▸ **To do**
Because the images are not wanted, restate every line below word for word without them.

▸ **Data excerpt**
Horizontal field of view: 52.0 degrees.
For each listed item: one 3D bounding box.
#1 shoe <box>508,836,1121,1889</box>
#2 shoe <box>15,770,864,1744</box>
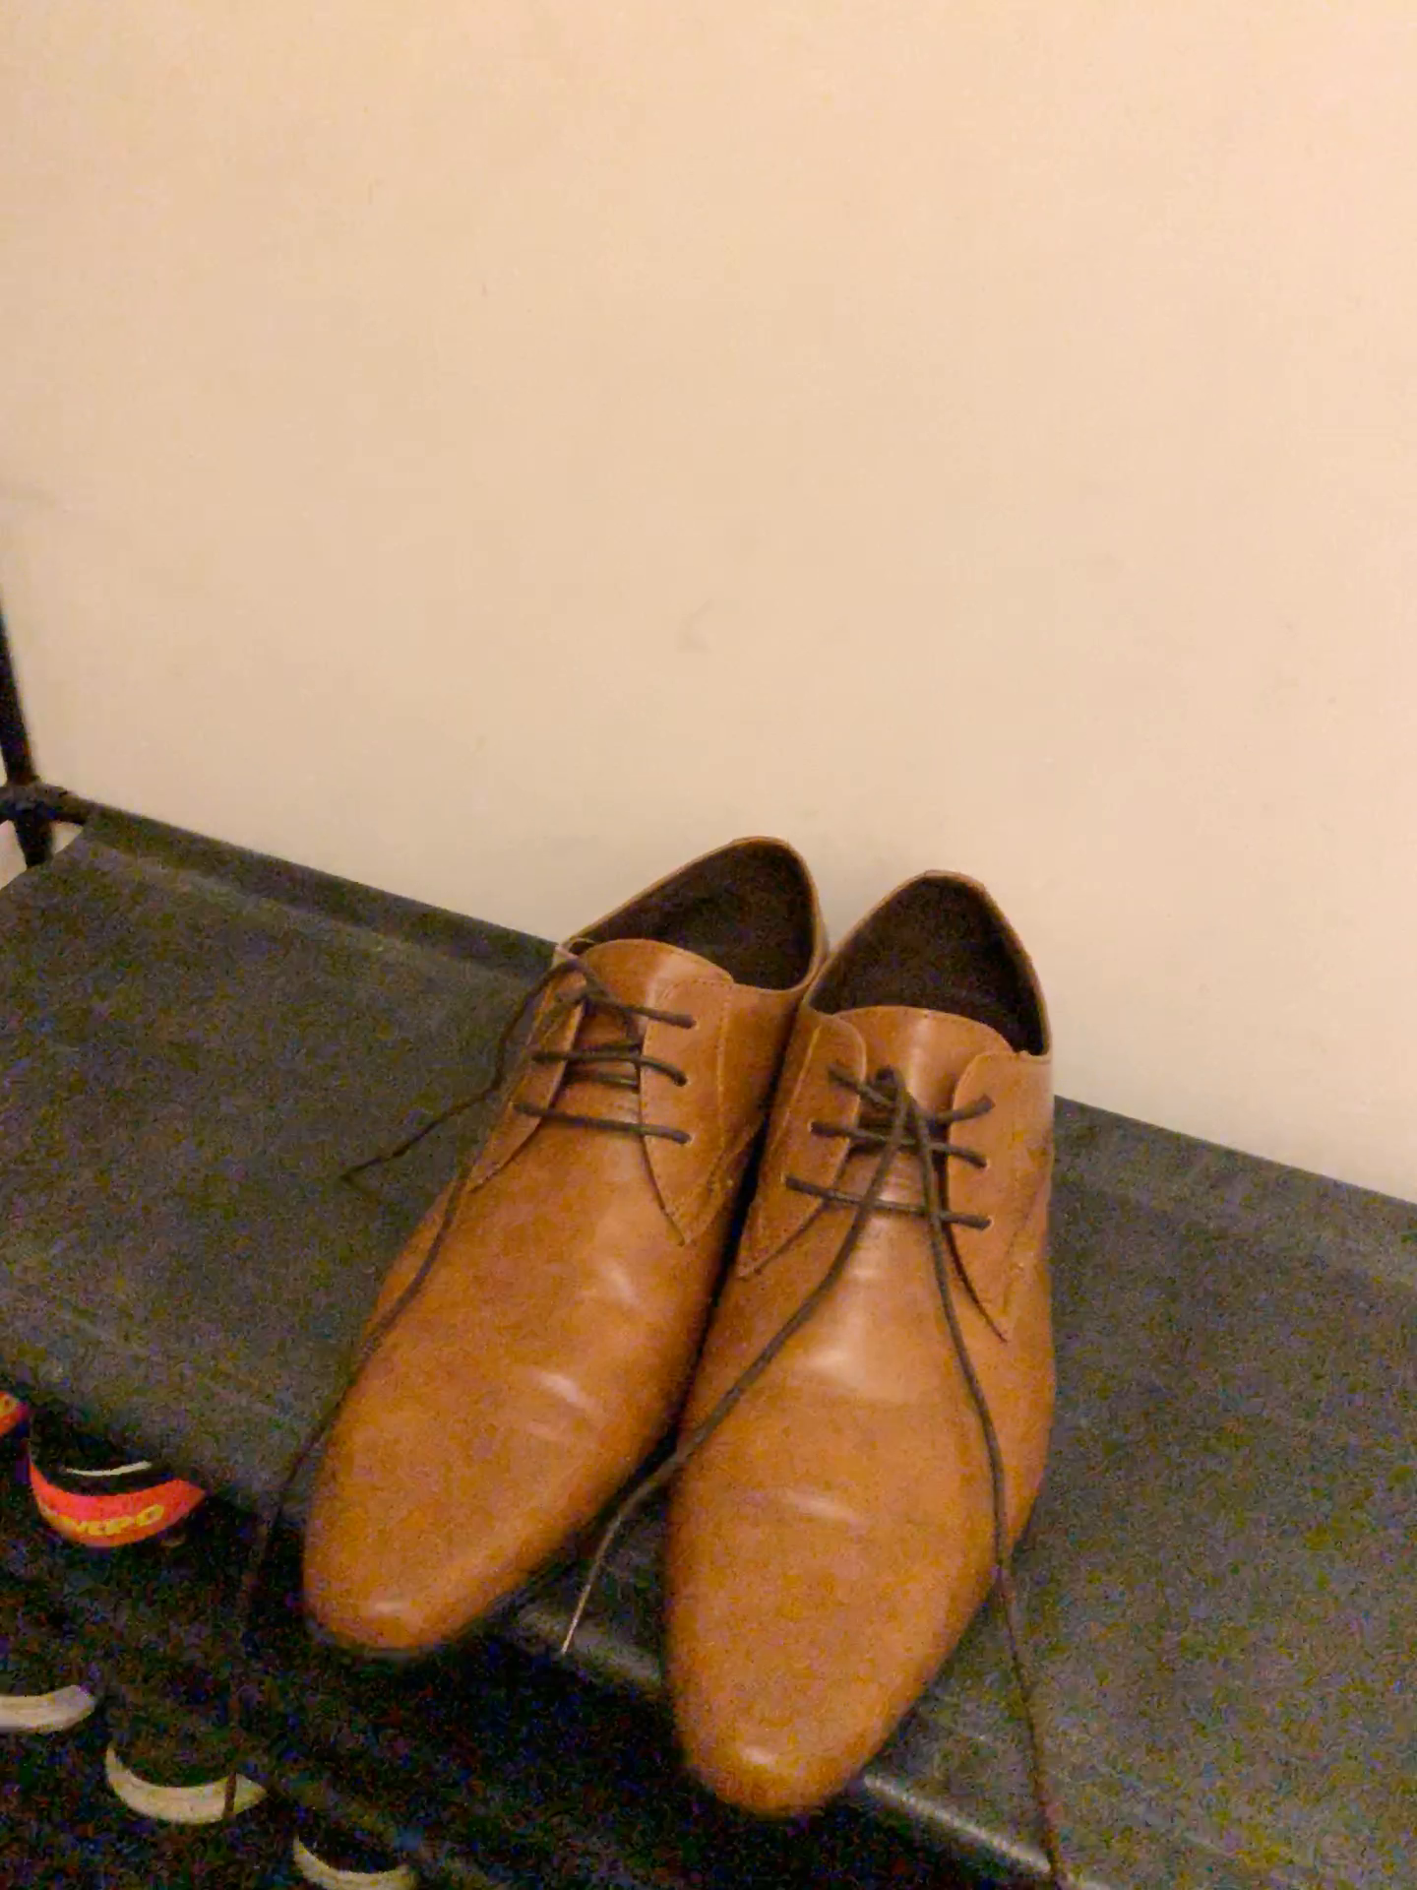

▸ **Answer below**
Horizontal field of view: 52.0 degrees.
For each listed item: one 3D bounding box.
#1 shoe <box>508,836,1121,1889</box>
#2 shoe <box>15,770,864,1744</box>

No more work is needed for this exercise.